Quanto al senso della letteratura fantastica oggi, io credo – al di là di ciò che amiamo e che ci ha appassionati – che si stia tornando a una sorta di post-materialismo, nel senso che il realismo sta mostrando la corda rispetto alla propria capacità di raccontare il mondo che ci circonda. Penso alle parole di William Gibson, che ho recentemente intervistato: io mi sono messo a fare distopia per fare del realismo. Anche le declinazioni più “alte” dello “strano” sembrano voler soddisfare tale esigenza. Questa cosa è molto vera, è quanto diceva Borges: a volte per parlare dell’indicibile, di quanto non abbiamo ancora completamente afferrato e magari non afferreremo mai, occorrono emblemi. Ecco, un mondo di enorme complessità come il nostro il realismo mostra la corda non perché siano arrivati i draghi o la psicostoria, ma perché prendere un solo frammento non solo non dà più l’idea del tutto, ma rischia di non essere neanche coerente a sé, come lo poteva essere, mettiamo, il contesto sociale raccontato da un Tolstoj. Lo dimostra il fatto che già ai tempi del modernismo per cercare di fare una cosa che davvero “la dicesse tutta”, Proust ha dovuto fare sette libri, Joyce ha dovuto fare un libro totalmente esploso con una quantità impressionante di voci e di rumori di fondo, e Kafka ha dovuto ricorrere a dispositivi fantastici, questo perché la società stava già sfuggendo di mano, il mondo stava già diventando sovracomplesso allora, figurarsi oggi. Nuovamente, il fantastico e l’immaginario potrebbero essere gli strumenti per abbracciare una narrazione più ampia.
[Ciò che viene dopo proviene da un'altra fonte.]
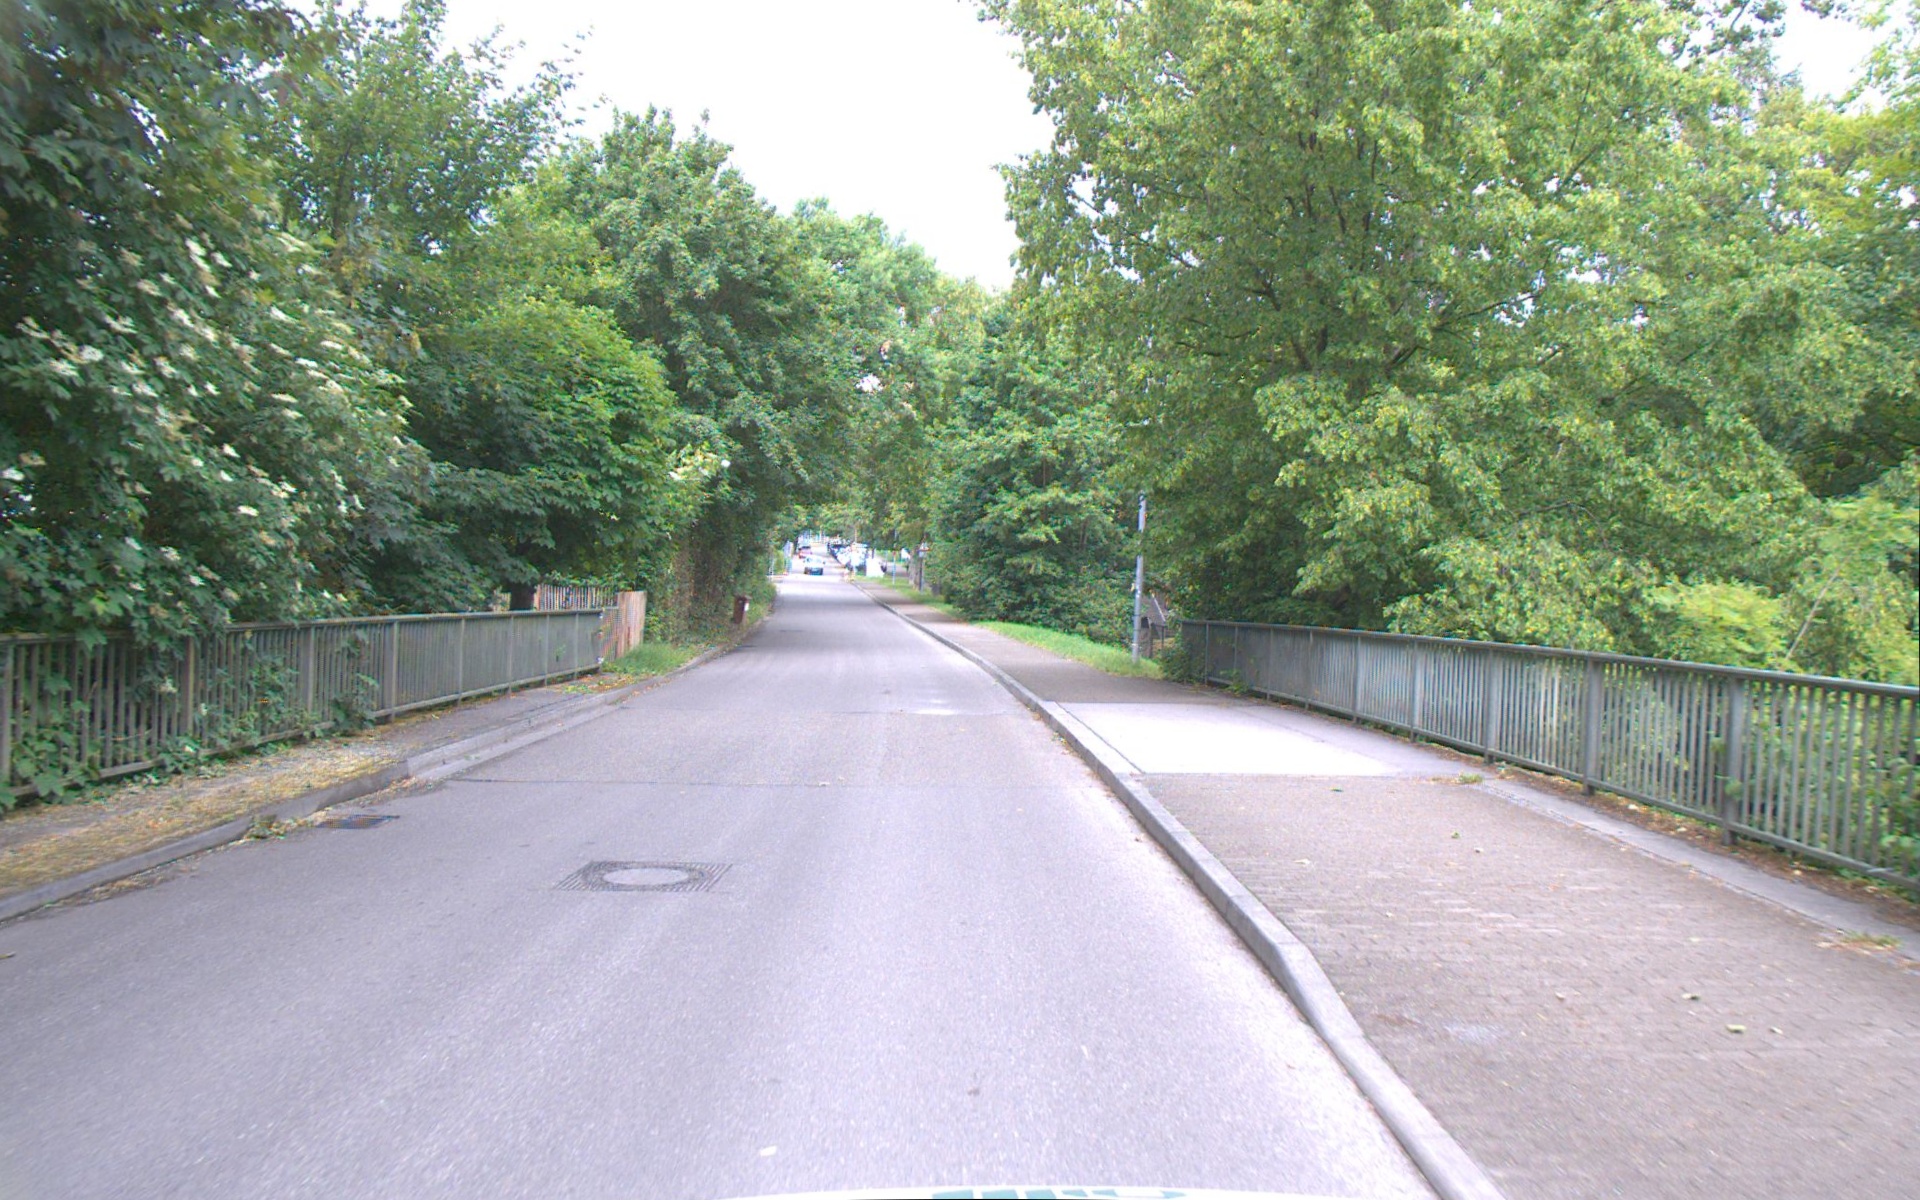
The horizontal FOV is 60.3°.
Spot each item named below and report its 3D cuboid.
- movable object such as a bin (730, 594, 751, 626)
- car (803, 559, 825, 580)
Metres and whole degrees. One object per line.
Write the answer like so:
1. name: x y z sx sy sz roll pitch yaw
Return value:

Un’ultima domanda, qual è secondo te il futuro della letteratura?
La domanda è – ovviamente – molto complessa. Il futuro a lungo termine non si può prevedere. Certamente io non credo certo alla vulgata ciclicamente riproposta della morte del romanzo o della fine del libro, queste sono tutte cazzate. Il romanzo non è mai stato tanto bene, se non forse nell’800, gode di ottima salute, anzi, è egemone, il fatto che i libri che vanno bene vendano diecimila copie invece che centomila (dividi per cinque per le medie case editrici e dieci per le piccole) è un effetto della “coda lunga” e del cambiamento del mercato, ma anche qui, siamo sicuri che non fosse una bolla quella vissuta dall’editoria fino a qualche anno fa? Sappiamo bene che in passato sono stati scritti capolavori che all’inizio hanno venduto qualche centinaio di copie, e ancora prima si scrivevano capolavori senza che neanche esistesse l’editoria. Anche qui non bisogna fraintendere lo stato della letteratura con le mutazioni del mercato. Il romanzo c’è e sta bene. Cosa si farà sul lungo periodo non si può dire; nel breve vedo, col post-materialismo, un inevitabile ritorno delle metafisiche, autori come Volodine o Cărtărescu o Krasznahorkai o Gospodinov stiano ponendosi di nuovo il problema di come esprimere la metafisica (non sono in narrativa: basti pensare a fumetti come quelli di Jim Woodring o Jesse Jacobs, che vanno nella stessa direzione), credo che questo si ricolleghi a un discorso sui generi e vada anche oltre: si assiste per esempio a una riscoperta dei testi sacri, naturalmente da usare non con devozione ma – utilizzo volutamente un termine mutuato dai GdR – come “sourcebook”.